Assignment » Repeat every line of the data exactly; no picture belongs in the copy.

Provided entries »

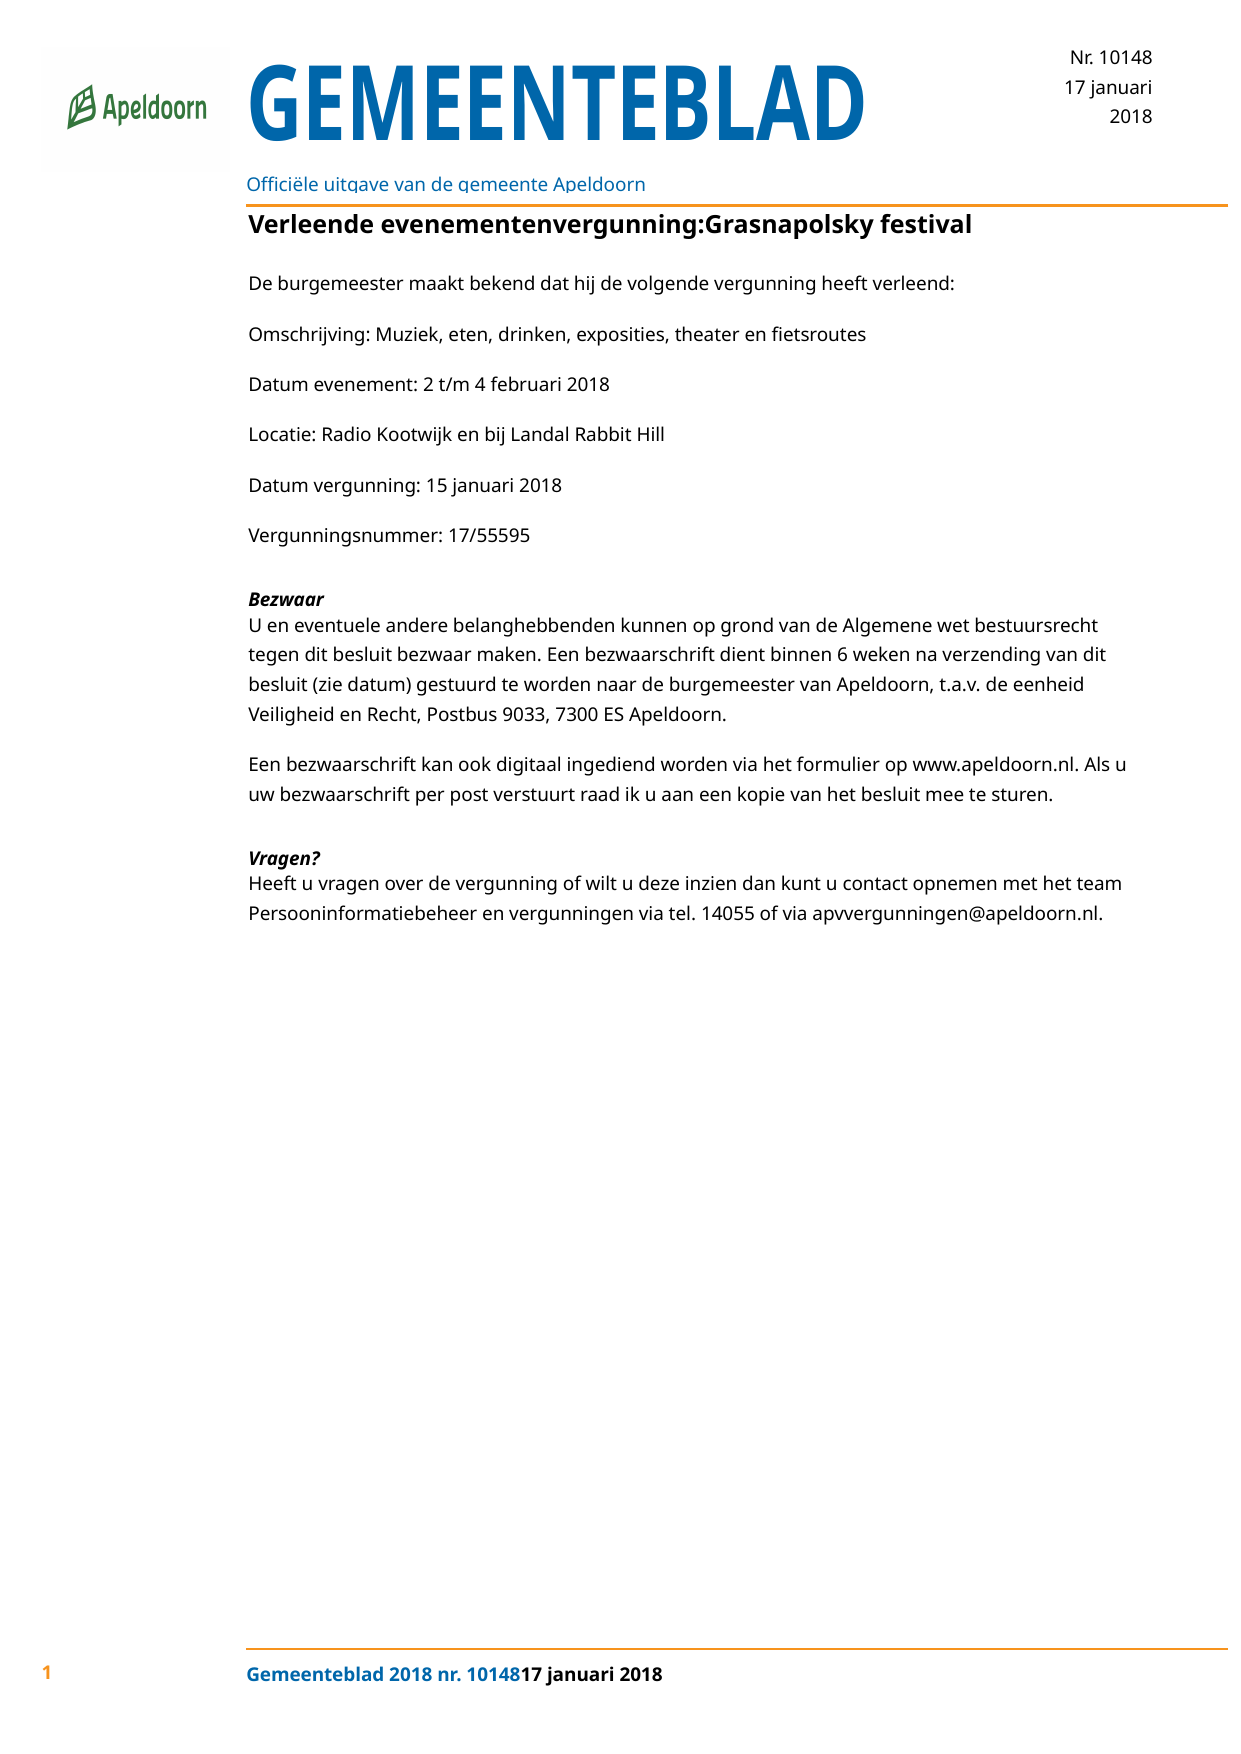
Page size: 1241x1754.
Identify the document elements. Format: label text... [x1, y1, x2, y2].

text Datum evenement: 2 t/m 4 februari 2018 [248, 371, 1152, 397]
text Een bezwaarschrift kan ook digitaal ingediend worden via het formulier op www.apeldoorn.nl. Als u uw bezwaarschrift per post verstuurt raad ik u aan een kopie van het besluit mee te sturen. [248, 751, 1152, 807]
text De burgemeester maakt bekend dat hij de volgende vergunning heeft verleend: [248, 270, 1152, 296]
picture [41, 47, 231, 172]
text Locatie: Radio Kootwijk en bij Landal Rabbit Hill [248, 422, 1152, 447]
text Vergunningsnummer: 17/55595 [248, 522, 1152, 548]
text Heeft u vragen over de vergunning of wilt u deze inzien dan kunt u contact opnemen met het team Persooninformatiebeheer en vergunningen via tel. 14055 of via apvvergunningen@apeldoorn.nl. [248, 871, 1152, 926]
text Datum vergunning: 15 januari 2018 [248, 472, 1152, 498]
text Omschrijving: Muziek, eten, drinken, exposities, theater en fietsroutes [248, 321, 1152, 346]
text U en eventuele andere belanghebbenden kunnen op grond van de Algemene wet bestuursrecht tegen dit besluit bezwaar maken. Een bezwaarschrift dient binnen 6 weken na verzending van dit besluit (zie datum) gestuurd te worden naar de burgemeester van Apeldoorn, t.a.v. de eenheid Veiligheid en Recht, Postbus 9033, 7300 ES Apeldoorn. [248, 612, 1152, 727]
text Vragen? [248, 845, 1152, 871]
text Bezwaar [248, 586, 1152, 612]
text Verleende evenementenvergunning:Grasnapolsky festival [248, 207, 1152, 241]

Task response »
Page size: 1241x1754.
Identify the document elements. Format: label text... [x1, y1, x2, y2].

text Datum evenement: 2 t/m 4 februari 2018 [248, 371, 1152, 397]
text Een bezwaarschrift kan ook digitaal ingediend worden via het formulier op www.apeldoorn.nl. Als u uw bezwaarschrift per post verstuurt raad ik u aan een kopie van het besluit mee te sturen. [248, 751, 1152, 807]
text De burgemeester maakt bekend dat hij de volgende vergunning heeft verleend: [248, 270, 1152, 296]
picture [41, 47, 231, 172]
text Locatie: Radio Kootwijk en bij Landal Rabbit Hill [248, 422, 1152, 447]
text Vergunningsnummer: 17/55595 [248, 522, 1152, 548]
text Heeft u vragen over de vergunning of wilt u deze inzien dan kunt u contact opnemen met het team Persooninformatiebeheer en vergunningen via tel. 14055 of via apvvergunningen@apeldoorn.nl. [248, 871, 1152, 926]
text Datum vergunning: 15 januari 2018 [248, 472, 1152, 498]
text Omschrijving: Muziek, eten, drinken, exposities, theater en fietsroutes [248, 321, 1152, 346]
text U en eventuele andere belanghebbenden kunnen op grond van de Algemene wet bestuursrecht tegen dit besluit bezwaar maken. Een bezwaarschrift dient binnen 6 weken na verzending van dit besluit (zie datum) gestuurd te worden naar de burgemeester van Apeldoorn, t.a.v. de eenheid Veiligheid en Recht, Postbus 9033, 7300 ES Apeldoorn. [248, 612, 1152, 727]
text Vragen? [248, 845, 1152, 871]
text Bezwaar [248, 586, 1152, 612]
text Verleende evenementenvergunning:Grasnapolsky festival [248, 207, 1152, 241]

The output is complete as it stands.